Спасибо. Вот такого счастья мне не надо. Ладно бы,  жена да любовница. А две жены - это уже слишком. Про остальных и подумать страшно.
     - Ладно. Живи. - Подаю ему руку и мы, скользя и запинаясь, бредем по ночной дороге. Впереди, за перевалом шарят по небу, по верхушкам тайги фары вахтовки. Успели.
 
       Работа. Работа. Не всегда вырвешься в тайгу. А Славке, словно кто-то медом намазал ту дорогу, на которой он ухабы ребрами пересчитывал. Как выходной - в лес. Выпить с друзьями некогда. Да и какая пьянка? С похмелья в тайге  никакого удовольствия от жизни, одна маята.

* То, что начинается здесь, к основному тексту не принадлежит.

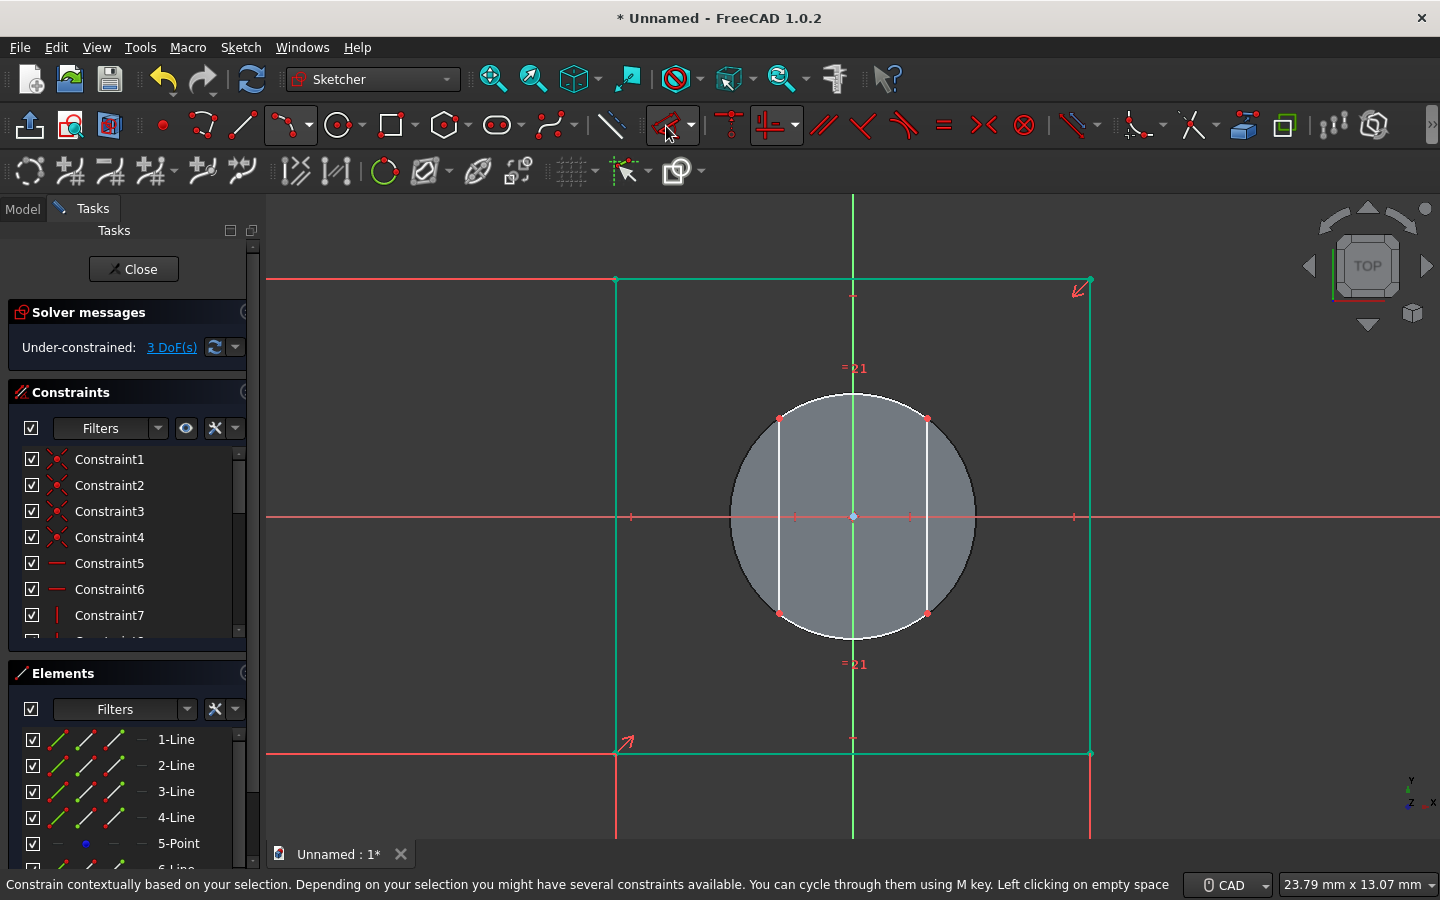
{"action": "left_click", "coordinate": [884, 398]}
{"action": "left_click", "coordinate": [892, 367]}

      Весна пришла. Опять дачные заботы. Опять выпить некогда. Ладно потом наверстаем.  Так день за днем откладывается, откладывается.  А потом уже просто и неохота. Да еще зарплату Славке увеличили. Раньше, что? Получит и не знает; толи пропить, толи  лотерейные билеты купить? Толк один, вернее бестолковщина.  Стал получать прилично, призадумался - на что потратить. Купил машину. Стал деньги откладывать на учебу капризулям. Прав был Маркс; «Бытие определяет сознание». Дай человеку зарплату, что бы только на скотскую жизнь хватало; спину прикрыть, за нору заплатить, да утробу набить – будет жить как скотина. Сыт, в тепле, что еще надо. Дай больше – человеком себя почувствует, по-человечески жить начнет. Сидим на даче, морщим карасей в озере. Он планов громадьё строит, но  нет-нет и вернется снова в разговоре к зиме. Что вот хорошо бы там еще загончик погонять, и надо бы в Дворцы путик пробить, там зайца больше.

      Пролетела еще одна зима. Чего не отнять у русского мужика, так это смекалки, умения освоить любое дело. Руки у Славки золотые.  Все у него ладится. Стала моя жена мне его в пример приводить. Слава то,  у Слава сё. Допекла.  Порой жалею, что не добил его в подъезде, не пристрелил на лесной дороге. А может лучше ему свою супругу сбагрить. Пусть будет у него две жены, две тещи и  две капризулечки - дочки. Вот тогда его из тайги, точно - и калачом не выманишь.  Глупость конечно. Ворчит Моя  (с большой буквы) уверяя при этом; « У ворчливой жены муж дольше живет». Но никуда мы друг от друга не денемся. Это, как радикулит, от которого не умрешь, но с которым все умирают, никуда не денешься, приходится мириться и учиться с ним жить.  За то тайга все лечит, все правит!
        Вопрос. Где женам от нас лечиться?